(Provided material begins)

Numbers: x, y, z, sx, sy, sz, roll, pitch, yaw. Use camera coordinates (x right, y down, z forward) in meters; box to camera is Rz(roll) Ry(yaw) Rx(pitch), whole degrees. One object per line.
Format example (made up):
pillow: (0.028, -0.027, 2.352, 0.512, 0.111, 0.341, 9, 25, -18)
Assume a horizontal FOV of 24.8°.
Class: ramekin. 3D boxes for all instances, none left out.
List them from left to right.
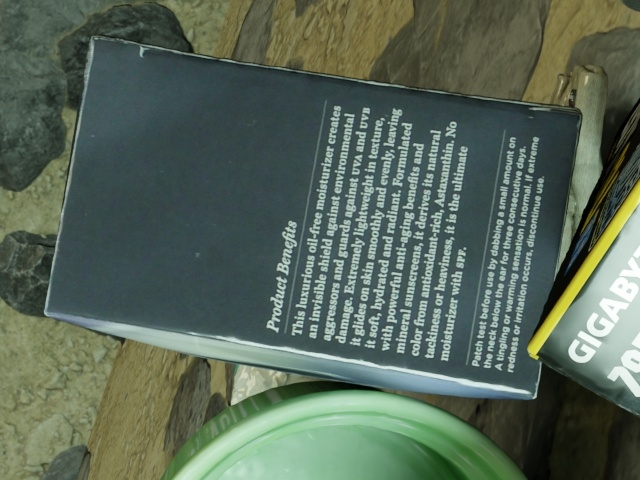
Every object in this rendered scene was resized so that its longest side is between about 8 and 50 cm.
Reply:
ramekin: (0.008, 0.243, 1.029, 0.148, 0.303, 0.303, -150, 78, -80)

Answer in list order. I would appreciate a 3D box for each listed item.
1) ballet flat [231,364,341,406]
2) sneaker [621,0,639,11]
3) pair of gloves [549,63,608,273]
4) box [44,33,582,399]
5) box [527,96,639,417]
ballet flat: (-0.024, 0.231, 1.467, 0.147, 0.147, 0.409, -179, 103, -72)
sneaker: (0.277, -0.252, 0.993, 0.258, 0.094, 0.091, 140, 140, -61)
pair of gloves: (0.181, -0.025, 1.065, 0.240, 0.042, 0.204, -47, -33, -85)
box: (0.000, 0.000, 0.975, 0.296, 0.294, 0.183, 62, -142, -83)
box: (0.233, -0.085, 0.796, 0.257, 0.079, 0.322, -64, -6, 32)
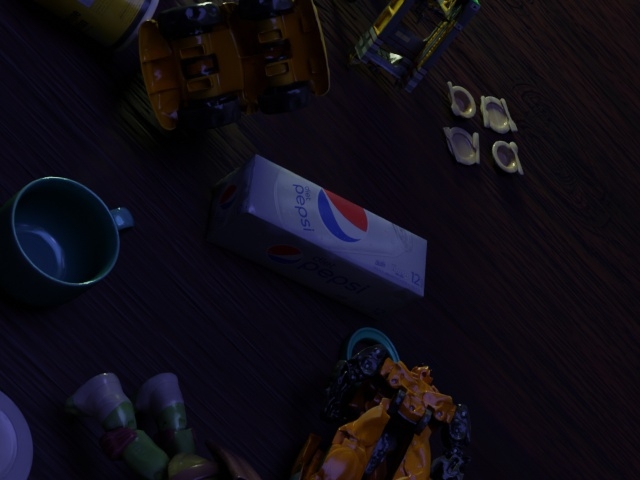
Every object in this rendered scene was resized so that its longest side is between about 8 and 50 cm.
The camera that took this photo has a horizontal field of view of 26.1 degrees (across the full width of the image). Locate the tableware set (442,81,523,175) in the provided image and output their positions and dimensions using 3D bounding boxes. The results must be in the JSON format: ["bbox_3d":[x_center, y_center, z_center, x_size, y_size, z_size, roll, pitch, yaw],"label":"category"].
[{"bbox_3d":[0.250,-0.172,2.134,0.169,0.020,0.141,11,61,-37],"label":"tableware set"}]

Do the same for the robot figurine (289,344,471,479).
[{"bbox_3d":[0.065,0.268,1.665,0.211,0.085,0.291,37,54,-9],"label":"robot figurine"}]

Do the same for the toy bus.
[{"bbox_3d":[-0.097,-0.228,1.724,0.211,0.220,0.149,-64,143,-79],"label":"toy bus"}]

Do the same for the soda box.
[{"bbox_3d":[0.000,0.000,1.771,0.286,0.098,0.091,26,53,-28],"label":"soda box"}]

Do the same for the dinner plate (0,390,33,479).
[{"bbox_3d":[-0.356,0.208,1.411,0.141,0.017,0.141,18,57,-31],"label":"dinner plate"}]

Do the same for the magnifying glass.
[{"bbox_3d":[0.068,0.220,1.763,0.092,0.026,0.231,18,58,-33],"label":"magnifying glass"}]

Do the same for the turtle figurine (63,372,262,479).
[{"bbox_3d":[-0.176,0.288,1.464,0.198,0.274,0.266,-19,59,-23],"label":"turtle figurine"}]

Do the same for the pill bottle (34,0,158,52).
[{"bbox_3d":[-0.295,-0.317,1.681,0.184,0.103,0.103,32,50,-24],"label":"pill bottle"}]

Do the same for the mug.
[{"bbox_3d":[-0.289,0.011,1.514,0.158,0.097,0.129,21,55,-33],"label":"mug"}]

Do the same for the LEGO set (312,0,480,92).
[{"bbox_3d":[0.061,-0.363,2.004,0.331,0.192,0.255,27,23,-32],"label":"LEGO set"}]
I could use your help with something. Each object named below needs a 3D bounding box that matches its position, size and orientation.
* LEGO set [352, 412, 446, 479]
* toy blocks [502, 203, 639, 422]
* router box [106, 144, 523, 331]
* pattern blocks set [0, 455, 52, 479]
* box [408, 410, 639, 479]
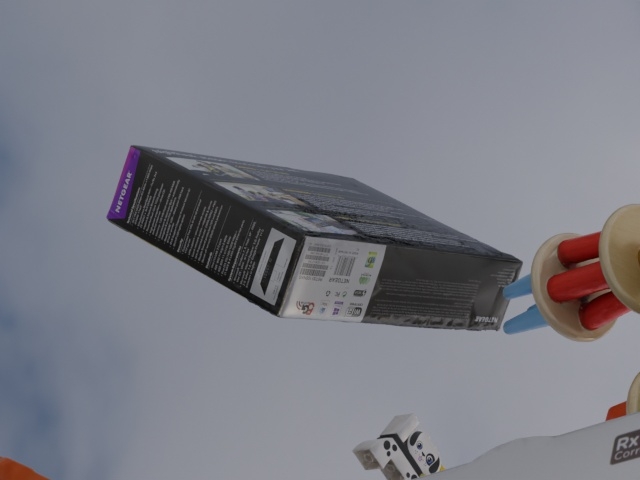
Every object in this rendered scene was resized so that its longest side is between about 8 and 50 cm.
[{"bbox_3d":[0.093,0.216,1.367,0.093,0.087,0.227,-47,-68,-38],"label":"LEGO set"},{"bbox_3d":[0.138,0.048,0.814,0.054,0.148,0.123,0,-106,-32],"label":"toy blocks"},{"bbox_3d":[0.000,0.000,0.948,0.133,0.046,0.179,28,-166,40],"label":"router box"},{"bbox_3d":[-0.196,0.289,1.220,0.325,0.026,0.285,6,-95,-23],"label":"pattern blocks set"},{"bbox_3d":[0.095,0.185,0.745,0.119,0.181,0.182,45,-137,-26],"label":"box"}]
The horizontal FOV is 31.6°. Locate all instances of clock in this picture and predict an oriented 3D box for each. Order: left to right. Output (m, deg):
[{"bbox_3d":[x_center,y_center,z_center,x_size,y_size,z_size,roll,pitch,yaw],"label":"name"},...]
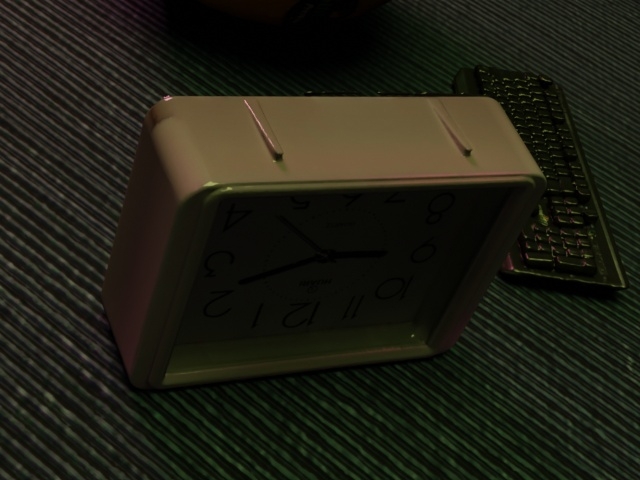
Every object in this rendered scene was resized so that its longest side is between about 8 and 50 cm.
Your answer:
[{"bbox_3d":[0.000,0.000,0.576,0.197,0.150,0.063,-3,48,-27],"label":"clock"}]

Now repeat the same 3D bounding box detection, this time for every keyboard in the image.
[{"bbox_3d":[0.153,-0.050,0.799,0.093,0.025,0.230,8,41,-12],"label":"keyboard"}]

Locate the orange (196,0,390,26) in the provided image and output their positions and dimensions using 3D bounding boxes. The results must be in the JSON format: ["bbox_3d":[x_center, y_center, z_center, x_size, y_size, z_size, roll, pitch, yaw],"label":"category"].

(Provided material ends)
(Provided material begins)

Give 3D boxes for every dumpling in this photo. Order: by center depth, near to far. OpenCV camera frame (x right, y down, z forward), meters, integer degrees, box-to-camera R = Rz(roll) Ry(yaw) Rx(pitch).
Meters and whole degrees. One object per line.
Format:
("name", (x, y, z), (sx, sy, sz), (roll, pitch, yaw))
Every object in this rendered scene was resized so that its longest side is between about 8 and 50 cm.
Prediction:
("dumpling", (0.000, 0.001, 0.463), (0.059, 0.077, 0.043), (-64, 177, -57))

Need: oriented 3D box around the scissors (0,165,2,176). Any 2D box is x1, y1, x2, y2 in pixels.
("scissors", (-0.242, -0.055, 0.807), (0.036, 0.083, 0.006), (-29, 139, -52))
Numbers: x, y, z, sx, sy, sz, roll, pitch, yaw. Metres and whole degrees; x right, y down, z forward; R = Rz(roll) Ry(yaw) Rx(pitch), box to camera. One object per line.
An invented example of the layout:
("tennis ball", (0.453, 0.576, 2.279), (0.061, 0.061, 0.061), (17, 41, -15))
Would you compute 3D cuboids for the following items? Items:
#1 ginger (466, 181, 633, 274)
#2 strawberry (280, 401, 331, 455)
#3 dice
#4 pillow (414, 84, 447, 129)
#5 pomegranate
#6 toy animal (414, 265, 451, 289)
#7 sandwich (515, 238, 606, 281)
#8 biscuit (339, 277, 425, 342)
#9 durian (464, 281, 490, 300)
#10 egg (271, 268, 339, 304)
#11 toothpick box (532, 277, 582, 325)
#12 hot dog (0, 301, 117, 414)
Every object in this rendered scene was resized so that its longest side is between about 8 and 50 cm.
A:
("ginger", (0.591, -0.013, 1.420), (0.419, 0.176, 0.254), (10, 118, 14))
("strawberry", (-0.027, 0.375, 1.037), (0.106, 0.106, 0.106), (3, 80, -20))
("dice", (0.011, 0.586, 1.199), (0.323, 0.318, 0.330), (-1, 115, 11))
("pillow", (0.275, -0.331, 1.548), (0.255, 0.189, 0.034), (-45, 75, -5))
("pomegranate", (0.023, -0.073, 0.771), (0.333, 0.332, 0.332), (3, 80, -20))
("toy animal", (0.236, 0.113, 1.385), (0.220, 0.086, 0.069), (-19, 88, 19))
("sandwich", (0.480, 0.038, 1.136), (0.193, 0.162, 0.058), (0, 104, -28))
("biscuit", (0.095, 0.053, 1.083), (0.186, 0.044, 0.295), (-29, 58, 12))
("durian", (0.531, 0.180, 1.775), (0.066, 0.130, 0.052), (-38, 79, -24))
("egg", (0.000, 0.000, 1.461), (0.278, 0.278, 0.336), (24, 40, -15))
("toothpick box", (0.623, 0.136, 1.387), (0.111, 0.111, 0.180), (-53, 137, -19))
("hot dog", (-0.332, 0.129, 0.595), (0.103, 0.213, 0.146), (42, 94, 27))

(Provided material ends)
(Provided material begins)

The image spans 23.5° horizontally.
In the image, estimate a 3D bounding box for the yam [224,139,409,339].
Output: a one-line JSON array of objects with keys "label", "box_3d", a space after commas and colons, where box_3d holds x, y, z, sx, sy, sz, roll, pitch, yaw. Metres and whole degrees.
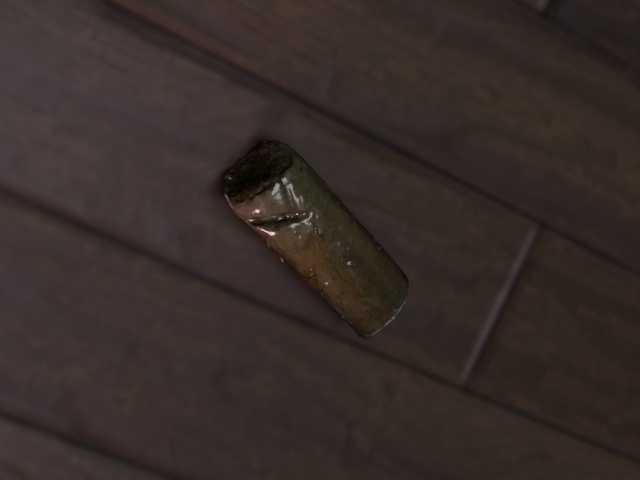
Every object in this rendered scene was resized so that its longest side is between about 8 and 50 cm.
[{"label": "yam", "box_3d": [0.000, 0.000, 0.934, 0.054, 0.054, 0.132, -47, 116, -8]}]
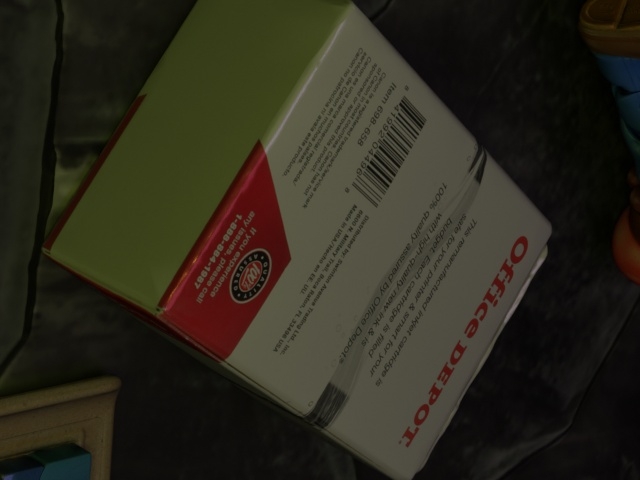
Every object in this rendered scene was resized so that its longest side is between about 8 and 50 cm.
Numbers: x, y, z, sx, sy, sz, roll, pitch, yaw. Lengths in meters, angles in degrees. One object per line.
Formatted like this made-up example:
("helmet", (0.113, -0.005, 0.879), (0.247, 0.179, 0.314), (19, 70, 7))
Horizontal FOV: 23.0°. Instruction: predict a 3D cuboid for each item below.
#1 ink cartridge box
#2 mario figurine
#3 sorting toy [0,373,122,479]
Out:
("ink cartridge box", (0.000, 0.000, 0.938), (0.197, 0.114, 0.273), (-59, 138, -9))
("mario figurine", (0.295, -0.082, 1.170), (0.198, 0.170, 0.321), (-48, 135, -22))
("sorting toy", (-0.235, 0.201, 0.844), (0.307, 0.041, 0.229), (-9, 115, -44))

(Provided material ends)

> [Exercise brief]:
Across the entries, how many lines contain the word "Metres"? State that number and nothing else.

> [Result]:
2